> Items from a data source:
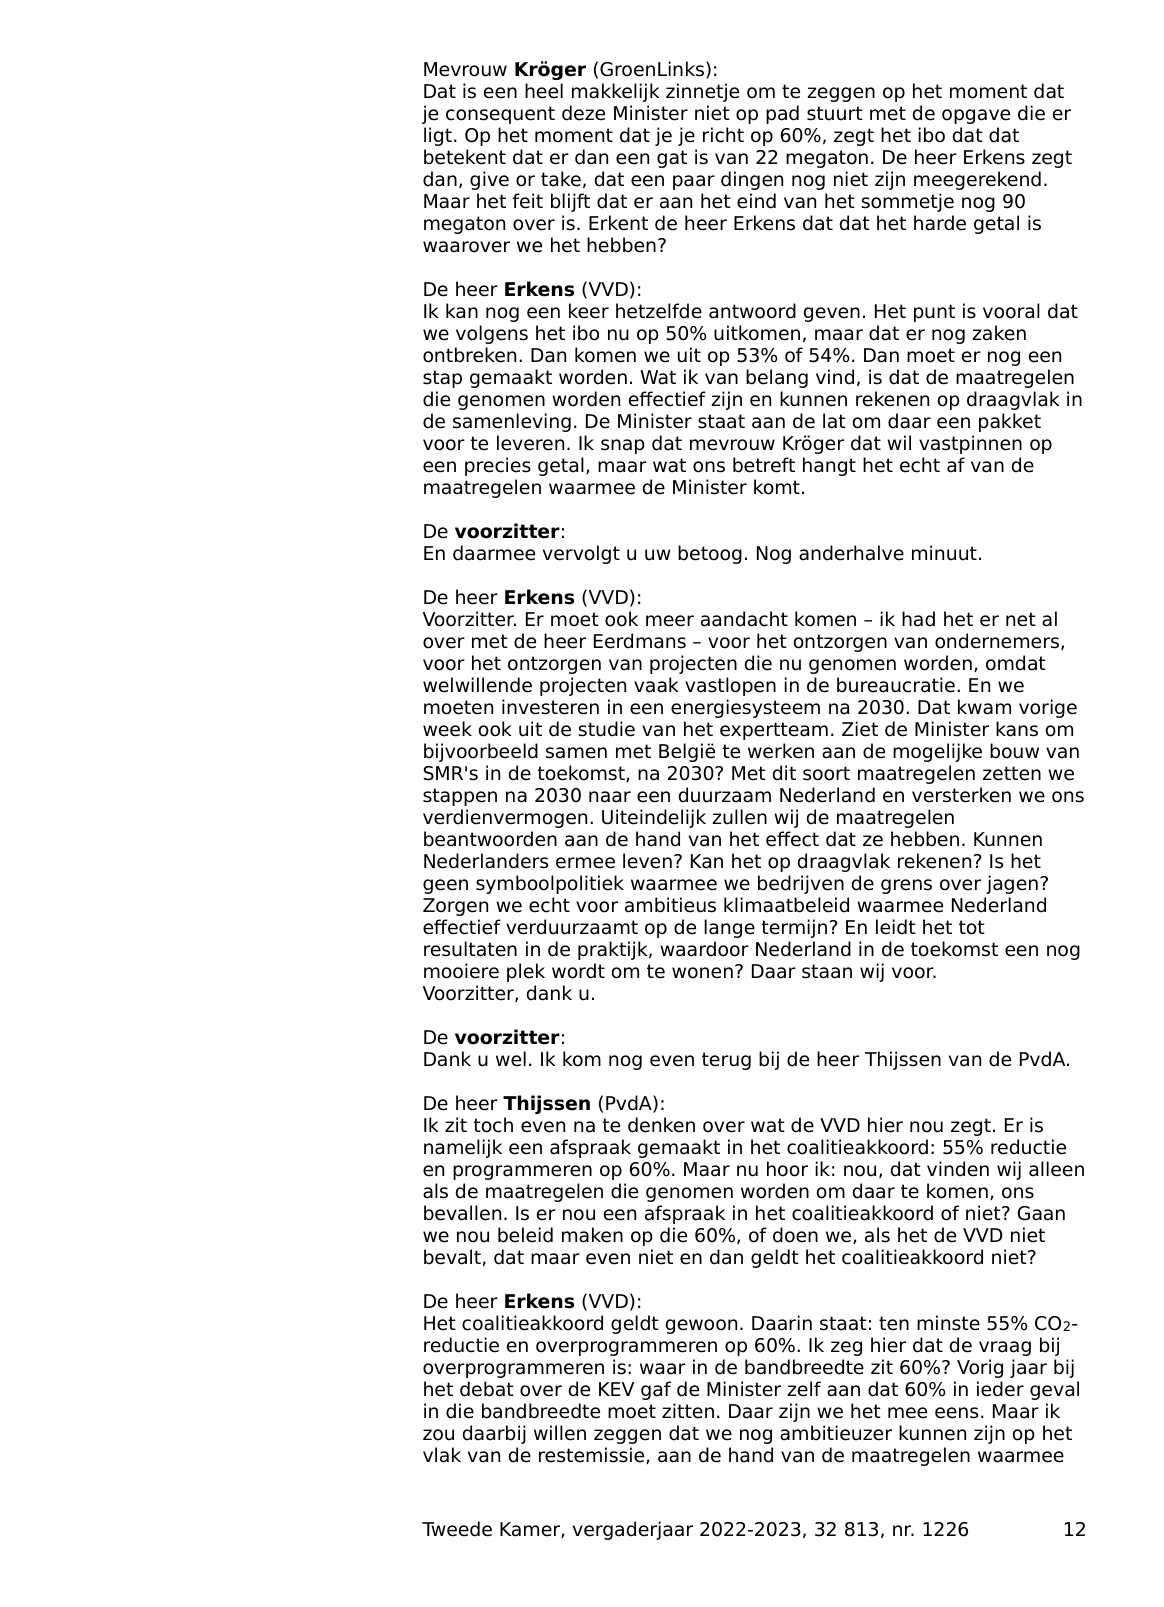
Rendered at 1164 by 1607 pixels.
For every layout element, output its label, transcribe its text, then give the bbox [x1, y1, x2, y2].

text Ik kan nog een keer hetzelfde antwoord geven. Het punt is vooral dat we volgens het ibo nu op 50% uitkomen, maar dat er nog zaken ontbreken. Dan komen we uit op 53% of 54%. Dan moet er nog een stap gemaakt worden. Wat ik van belang vind, is dat de maatregelen die genomen worden effectief zijn en kunnen rekenen op draagvlak in de samenleving. De Minister staat aan de lat om daar een pakket voor te leveren. Ik snap dat mevrouw Kröger dat wil vastpinnen op een precies getal, maar wat ons betreft hangt het echt af van de maatregelen waarmee de Minister komt. [422, 301, 1087, 499]
text De heer Erkens (VVD): [422, 587, 1087, 609]
text De heer Erkens (VVD): [422, 279, 1087, 301]
text En daarmee vervolgt u uw betoog. Nog anderhalve minuut. [422, 543, 1087, 565]
text De voorzitter: [422, 521, 1087, 543]
text Mevrouw Kröger (GroenLinks): [422, 59, 1087, 81]
text De heer Thijssen (PvdA): [422, 1093, 1087, 1115]
text Voorzitter. Er moet ook meer aandacht komen – ik had het er net al over met de heer Eerdmans – voor het ontzorgen van ondernemers, voor het ontzorgen van projecten die nu genomen worden, omdat welwillende projecten vaak vastlopen in de bureaucratie. En we moeten investeren in een energiesysteem na 2030. Dat kwam vorige week ook uit de studie van het expertteam. Ziet de Minister kans om bijvoorbeeld samen met België te werken aan de mogelijke bouw van SMR's in de toekomst, na 2030? Met dit soort maatregelen zetten we stappen na 2030 naar een duurzaam Nederland en versterken we ons verdienvermogen. Uiteindelijk zullen wij de maatregelen beantwoorden aan de hand van het effect dat ze hebben. Kunnen Nederlanders ermee leven? Kan het op draagvlak rekenen? Is het geen symboolpolitiek waarmee we bedrijven de grens over jagen? Zorgen we echt voor ambitieus klimaatbeleid waarmee Nederland effectief verduurzaamt op de lange termijn? En leidt het tot resultaten in de praktijk, waardoor Nederland in de toekomst een nog mooiere plek wordt om te wonen? Daar staan wij voor. [422, 609, 1087, 983]
text De heer Erkens (VVD): [422, 1291, 1087, 1313]
text Dat is een heel makkelijk zinnetje om te zeggen op het moment dat je consequent deze Minister niet op pad stuurt met de opgave die er ligt. Op het moment dat je je richt op 60%, zegt het ibo dat dat betekent dat er dan een gat is van 22 megaton. De heer Erkens zegt dan, give or take, dat een paar dingen nog niet zijn meegerekend. Maar het feit blijft dat er aan het eind van het sommetje nog 90 megaton over is. Erkent de heer Erkens dat dat het harde getal is waarover we het hebben? [422, 81, 1087, 257]
text Ik zit toch even na te denken over wat de VVD hier nou zegt. Er is namelijk een afspraak gemaakt in het coalitieakkoord: 55% reductie en programmeren op 60%. Maar nu hoor ik: nou, dat vinden wij alleen als de maatregelen die genomen worden om daar te komen, ons bevallen. Is er nou een afspraak in het coalitieakkoord of niet? Gaan we nou beleid maken op die 60%, of doen we, als het de VVD niet bevalt, dat maar even niet en dan geldt het coalitieakkoord niet? [422, 1115, 1087, 1269]
text De voorzitter: [422, 1027, 1087, 1049]
text Dank u wel. Ik kom nog even terug bij de heer Thijssen van de PvdA. [422, 1049, 1087, 1071]
text Het coalitieakkoord geldt gewoon. Daarin staat: ten minste 55% CO2-reductie en overprogrammeren op 60%. Ik zeg hier dat de vraag bij overprogrammeren is: waar in de bandbreedte zit 60%? Vorig jaar bij het debat over de KEV gaf de Minister zelf aan dat 60% in ieder geval in die bandbreedte moet zitten. Daar zijn we het mee eens. Maar ik zou daarbij willen zeggen dat we nog ambitieuzer kunnen zijn op het vlak van de restemissie, aan de hand van de maatregelen waarmee [422, 1313, 1087, 1467]
text Voorzitter, dank u. [422, 983, 1087, 1005]

> WHAT NEEDS TO BE DONE: "text Mevrouw Kröger" marks the last line to keep. Retype every line from the start of the entries through that one, exactly, and drop the pictures.

> OUTPUT FOR THIS EXERCISE:
Rendered at 1164 by 1607 pixels.
For every layout element, output its label, transcribe its text, then give the bbox [x1, y1, x2, y2].

text Ik kan nog een keer hetzelfde antwoord geven. Het punt is vooral dat we volgens het ibo nu op 50% uitkomen, maar dat er nog zaken ontbreken. Dan komen we uit op 53% of 54%. Dan moet er nog een stap gemaakt worden. Wat ik van belang vind, is dat de maatregelen die genomen worden effectief zijn en kunnen rekenen op draagvlak in de samenleving. De Minister staat aan de lat om daar een pakket voor te leveren. Ik snap dat mevrouw Kröger dat wil vastpinnen op een precies getal, maar wat ons betreft hangt het echt af van de maatregelen waarmee de Minister komt. [422, 301, 1087, 499]
text De heer Erkens (VVD): [422, 587, 1087, 609]
text De heer Erkens (VVD): [422, 279, 1087, 301]
text En daarmee vervolgt u uw betoog. Nog anderhalve minuut. [422, 543, 1087, 565]
text De voorzitter: [422, 521, 1087, 543]
text Mevrouw Kröger (GroenLinks): [422, 59, 1087, 81]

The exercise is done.